§ Instructions for the task
From the first line of the material below through the line containing "import ezdxf", print every line exactly as it stands, but no pictures.

"""

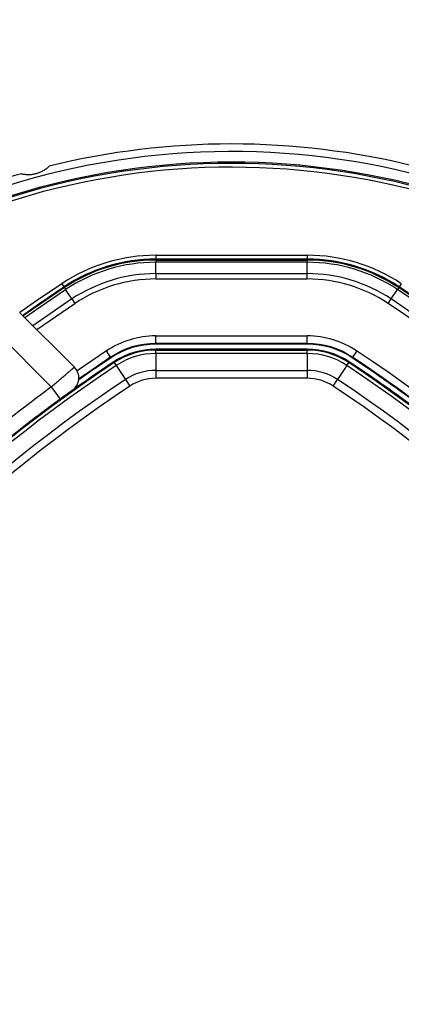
# Model space of a CAD drawing. Header units: millimetres. Extents: x 20 to 22981, y 40 to 19992.
# Tile 92 of 143: x 6723 to 6824, y 14669 to 14928. Entities that reach past the tile are written whole.
import ezdxf

# ---------------------------------------------------------------- set-up
doc = ezdxf.new("R2010")
doc.units = ezdxf.units.MM
doc.header["$LTSCALE"] = 2
doc.layers.add('COMPONENT_GEOMETRY', color=7, linetype='Continuous')
doc.styles.add('SLDTEXTSTYLE0', font='TXT', dxfattribs={"width": 0.75})
doc.dimstyles.new('SLDDIMSTYLE0', dxfattribs={"dimtxt": 100, "dimasz": 6.604, "dimexe": 0, "dimexo": 0.0625, "dimgap": 25, "dimtad": 0, "dimtih": 1, "dimtoh": 1, "dimdec": 0, "dimrnd": 1e-09, "dimzin": 12, "dimdsep": 46, "dimtxsty": 'SLDTEXTSTYLE0', "dimsah": 1, "dimcen": 0.09, "dimadec": 0, "dimazin": 3, "dimtfac": 1, "dimtdec": 0, "dimtofl": 0, "dimtmove": 0, "dimatfit": 3, "dimfxl": 1, "dimfrac": 2, "dimtolj": 1, "dimtzin": 12, "dimarcsym": 0})

# ---------------------------------------------------------------- blocks, each defined once
blk = doc.blocks.new('_D_3')
at = {"layer": 'COMPONENT_GEOMETRY', "color": 7}
for p, q in [((7626.61, 16889.95), (7596.14, 16889.95)), ((7596.14, 16889.95), (7596.14, 16731.2)), ((7993.13, 16889.95), (8023.6, 16889.95)), ((8023.6, 16889.95), (8023.6, 16731.2)), ((6620.49, 11970.81), (6620.49, 16752.27)), ((6938.09, 11970.81), (6938.09, 16752.27)), ((6620.49, 16745.92), (6938.09, 16745.92)), ((6938.09, 16745.92), (7543.59, 16745.92)), ((7596.14, 16731.2), (7626.61, 16731.2)), ((8023.6, 16731.2), (7993.13, 16731.2))]:
    blk.add_line(p, q, dxfattribs=at)
for points in [[(6620.49, 16745.92), (6627.09, 16744.91), (6627.09, 16746.94)], [(6938.09, 16745.92), (6931.49, 16746.94), (6931.49, 16744.91)]]:
    blk.add_solid(points, dxfattribs=at)
at = {"layer": 'COMPONENT_GEOMETRY', "color": 7, "char_height": 100, "attachment_point": 1, "style": 'SLDTEXTSTYLE0'}
for s, insert in [('6.25in', (7626.61, 16860.11)), ('159mm', (7574.04, 16710.49))]:
    blk.add_mtext(s, dxfattribs=dict(at, insert=insert))

msp = doc.modelspace()

# ---------------------------------------------------------------- linework, layer by layer
at = {"color": 7, "linetype": 'Continuous', "lineweight": 25}
for p, q in [((6759.31, 14866.29), (6759.31, 14865.29)), ((6759.31, 14866.29), (6799.26, 14866.29)), ((6799.26, 14866.29), (6799.26, 14865.29)), ((6759.31, 14865.04), (6759.31, 14865.29)), ((6799.26, 14865.29), (6759.31, 14865.29)), ((6759.31, 14865.04), (6799.26, 14865.04)), ((6759.31, 14865.04), (6759.31, 14864.46)), ((6759.31, 14861.46), (6759.31, 14864.46)), ((6799.26, 14864.46), (6759.31, 14864.46)), ((6799.26, 14865.04), (6799.26, 14865.29)), ((6799.26, 14865.04), (6799.26, 14864.46)), ((6799.26, 14861.46), (6799.26, 14864.46)), ((6759.31, 14861.46), (6759.31, 14860.04)), ((6759.31, 14861.46), (6799.26, 14861.46)), ((6799.26, 14860.04), (6799.26, 14861.46)), ((6734.52, 14858.8), (6735.08, 14857.97)), ((6735.22, 14857.76), (6735.08, 14857.97)), ((6735.22, 14857.76), (6735.54, 14857.27)), ((6799.26, 14860.04), (6759.31, 14860.04)), ((6823.36, 14857.76), (6823.04, 14857.27)), ((6823.36, 14857.76), (6823.5, 14857.97)), ((6824.05, 14858.8), (6823.5, 14857.97)), ((6737.2, 14854.78), (6735.54, 14857.27)), ((6821.38, 14854.78), (6823.04, 14857.27)), ((6737.2, 14854.78), (6737.99, 14853.6)), ((6820.59, 14853.6), (6821.38, 14854.78)), ((6723.38, 14851.25), (6737.84, 14836.79)), ((6731.74, 14831.58), (6717.72, 14845.59)), ((6759.31, 14843.04), (6759.31, 14845.04)), ((6759.31, 14845.04), (6799.26, 14845.04)), ((6799.26, 14843.04), (6799.26, 14845.04)), ((6799.26, 14843.04), (6759.31, 14843.04)), ((6759.31, 14842.86), (6759.31, 14843.04)), ((6799.26, 14842.86), (6759.31, 14842.86)), ((6799.26, 14842.86), (6799.26, 14843.04)), ((6747.4, 14839.44), (6746.3, 14841.1)), ((6747.5, 14839.29), (6747.4, 14839.44)), ((6799.26, 14841.54), (6759.31, 14841.54)), ((6759.31, 14841.31), (6759.31, 14841.54)), ((6759.31, 14840.4), (6759.31, 14841.31)), ((6759.31, 14841.31), (6799.26, 14841.31)), ((6759.31, 14840.4), (6759.31, 14835.95)), ((6799.26, 14840.4), (6759.31, 14840.4)), ((6799.26, 14841.31), (6799.26, 14841.54)), ((6799.26, 14840.4), (6799.26, 14841.31)), ((6799.26, 14840.4), (6799.26, 14835.95)), ((6811.08, 14839.29), (6811.17, 14839.44)), ((6812.28, 14841.1), (6811.17, 14839.44)), ((6748.36, 14838), (6748.24, 14838.19)), ((6748.36, 14838), (6748.87, 14837.24)), ((6748.87, 14837.24), (6751.33, 14833.54)), ((6809.71, 14837.24), (6807.25, 14833.54)), ((6809.71, 14837.24), (6810.22, 14838)), ((6810.22, 14838), (6810.34, 14838.19)), ((6759.31, 14835.95), (6799.26, 14835.95)), ((6759.31, 14835.95), (6759.31, 14833.87)), ((6799.26, 14835.95), (6799.26, 14833.87)), ((6731.74, 14831.58), (6734.1, 14828.36)), ((6751.33, 14833.54), (6752.48, 14831.8)), ((6799.26, 14833.87), (6759.31, 14833.87)), ((6806.09, 14831.8), (6807.25, 14833.54)), ((6734.1, 14828.36), (6730.92, 14826))]:
    msp.add_line(p, q, dxfattribs=at)
at = {"color": 8, "linetype": 'Continuous', "lineweight": 25}
for p, q in [((6737.2, 14854.78), (6726.92, 14847.71)), ((6727.93, 14846.7), (6737.99, 14853.6)), ((6746.3, 14841.1), (6738.55, 14835.82))]:
    msp.add_line(p, q, dxfattribs=at)
at = {"color": 8, "linetype": 'Continuous', "lineweight": 25, "flags": 128}
for points in [[(6734.52, 14858.8), (6727.89, 14854.29), (6723.45, 14851.18)], [(6735.22, 14857.76), (6728.55, 14853.23), (6724.35, 14850.29)], [(6724.77, 14849.87), (6728.8, 14852.7), (6735.54, 14857.27)]]:
    msp.add_lwpolyline(points, dxfattribs=at)
at = {"color": 7, "linetype": 'Continuous', "lineweight": 25, "flags": 128}
for points in [[(6724.17, 14850.46), (6728.45, 14853.47), (6735.08, 14857.97)], [(6747.4, 14839.44), (6741.62, 14835.52), (6739, 14833.7)], [(6747.5, 14839.29), (6741.71, 14835.37), (6738.98, 14833.47)]]:
    msp.add_lwpolyline(points, dxfattribs=at)
at = {"color": 7, "linetype": 'Continuous', "lineweight": 25}
for centre, radius, start, end in [((6779.29, 14695.64), 200, 76.0906, 103.9094), ((6779.29, 14695.64), 198, 335.8585, 114.1415), ((6779.29, 14695.64), 195.2, 336.1724, 113.8276), ((6779.29, 14695.64), 200, 106.0906, 114.3597), ((6759.31, 14821.54), 44.76, 90, 123.6328), ((6799.26, 14821.54), 44.76, 56.3672, 90), ((6759.31, 14821.54), 43.76, 90, 123.6328), ((6759.31, 14821.54), 43.51, 90, 123.6328), ((6759.31, 14821.54), 42.92, 90, 123.6328), ((6799.26, 14821.54), 43.76, 56.3672, 90), ((6799.26, 14821.54), 43.51, 56.3672, 90), ((6799.26, 14821.54), 42.92, 56.3672, 90), ((6759.31, 14821.54), 39.92, 90, 123.6328), ((6799.26, 14821.54), 39.92, 56.3672, 90), ((6759.31, 14821.54), 38.51, 90, 123.6328), ((6799.26, 14821.54), 38.51, 56.3672, 90), ((6588.79, 14505.15), 423.51, 33.6328, 56.3672), ((6588.79, 14505.15), 423.76, 33.6328, 56.3672), ((6588.79, 14505.15), 422.92, 33.6328, 56.3672), ((6588.79, 14505.15), 418.51, 33.6328, 56.3672), ((6588.79, 14505.15), 419.92, 33.6328, 56.3672), ((6759.31, 14821.54), 23.5, 90, 123.6328), ((6799.26, 14821.54), 23.5, 56.3672, 90), ((6759.31, 14821.54), 21.5, 90, 123.6328), ((6759.31, 14821.54), 21.33, 90, 123.6328), ((6799.26, 14821.54), 21.5, 56.3672, 90), ((6799.26, 14821.54), 21.33, 56.3672, 90), ((6759.31, 14821.54), 20, 90, 123.6328), ((6759.31, 14821.54), 19.78, 90, 123.6328), ((6759.31, 14821.54), 18.86, 90, 123.6328), ((6799.26, 14821.54), 20, 56.3672, 90), ((6799.26, 14821.54), 19.78, 56.3672, 90), ((6799.26, 14821.54), 18.86, 56.3672, 90), ((6588.79, 14505.15), 401.5, 48.396, 56.3672), ((6588.79, 14505.15), 403.5, 33.6328, 56.3672), ((6969.78, 14505.15), 399.78, 123.6328, 146.3672), ((6969.78, 14505.15), 398.86, 123.6328, 146.3672), ((6969.78, 14505.15), 400, 123.6328, 131.8471), ((6969.78, 14505.15), 400, 123.6328, 130.8526), ((6735.01, 14833.96), 4, 305.7221, 45), ((6588.79, 14505.15), 398.86, 33.6328, 56.3672), ((6588.79, 14505.15), 399.78, 33.6328, 56.3672), ((6588.79, 14505.15), 400, 46.3375, 56.3672), ((6588.79, 14505.15), 400, 49.1474, 56.3672), ((6588.79, 14505.15), 401.33, 48.3753, 56.3672), ((6759.31, 14821.54), 14.42, 90, 123.6328), ((6799.26, 14821.54), 14.42, 56.3672, 90), ((6969.78, 14505.15), 394.42, 123.6328, 146.3672), ((6969.78, 14505.15), 392.33, 123.6328, 146.3672), ((6970.89, 14505.97), 404, 126.2964, 132.0724), ((6759.31, 14821.54), 12.33, 90, 123.6328), ((6799.26, 14821.54), 12.33, 56.3672, 90), ((6588.79, 14505.15), 392.33, 33.6328, 56.3672), ((6588.79, 14505.15), 394.42, 33.6328, 56.3672)]:
    msp.add_arc(centre, radius, start, end, dxfattribs=at)
at = {"color": 8, "linetype": 'Continuous', "lineweight": 25}
for radius, start, end in [(195.2, 336.1724, 113.8276), (194.87, 336.2097, 113.7903), (193.87, 336.3244, 113.6756)]:
    msp.add_arc((6779.29, 14695.64), radius, start, end, dxfattribs=at)
at = {"color": 7, "linetype": 'Continuous', "lineweight": 25}
for points, knots in [([(6723.86, 14887.81), (6724.17, 14887.74), (6724.79, 14887.62), (6725.79, 14887.57), (6726.83, 14887.64), (6727.83, 14887.85), (6728.78, 14888.18), (6729.66, 14888.61), (6730.49, 14889.14), (6730.97, 14889.56), (6731.21, 14889.78)], [0, 0, 0, 0, 0.125658, 0.254213, 0.380096, 0.510315, 0.625689, 0.744467, 0.870637, 1, 1, 1, 1]), ([(6731.74, 14831.58), (6731.91, 14831.73), (6732.25, 14832.02), (6732.76, 14832.46), (6733.27, 14832.9), (6733.77, 14833.32), (6734.25, 14833.73), (6734.71, 14834.13), (6735.16, 14834.51), (6735.58, 14834.87), (6735.97, 14835.2), (6736.33, 14835.51), (6736.66, 14835.79), (6737.04, 14836.12), (6737.35, 14836.38), (6737.58, 14836.57), (6737.72, 14836.69), (6737.82, 14836.78), (6737.83, 14836.79), (6737.84, 14836.79)], [0, 0, 0, 0, 0.053326, 0.107028, 0.161914, 0.21721, 0.270624, 0.324415, 0.379401, 0.4348, 0.488108, 0.541793, 0.596673, 0.651967, 0.75832, 0.812311, 0.867099, 0.933183, 1, 1, 1, 1]), ([(6737.35, 14830.72), (6737.33, 14830.71), (6737.3, 14830.68), (6736.92, 14830.41), (6736.19, 14829.88), (6735.21, 14829.17), (6734.47, 14828.63), (6734.1, 14828.36)], [0, 0, 0, 0, 0.133305, 0.348506, 0.565602, 0.783043, 1, 1, 1, 1])]:
    msp.add_open_spline(points, degree=3, knots=knots, dxfattribs=at)

# ---------------------------------------------------------------- dimensions: what is measured, and where the dimension line sits
at = {"layer": 'COMPONENT_GEOMETRY', "color": 7}
dim = msp.add_linear_dim(base=(6938.09, 16745.92), p1=(6620.49, 11968.27), p2=(6938.09, 11968.27), dimstyle='SLDDIMSTYLE0', dxfattribs=at)
dim.commit()
dim.dimension.update_dxf_attribs({"geometry": '_D_3', "text_midpoint": (7809.87, 16745.92), "dimtype": 160})

doc.saveas('drawing.dxf')

"""

§ Result of this exercise
# Model space of a CAD drawing. Header units: millimetres. Extents: x 20 to 22981, y 40 to 19992.
# Tile 92 of 143: x 6723 to 6824, y 14669 to 14928. Entities that reach past the tile are written whole.
import ezdxf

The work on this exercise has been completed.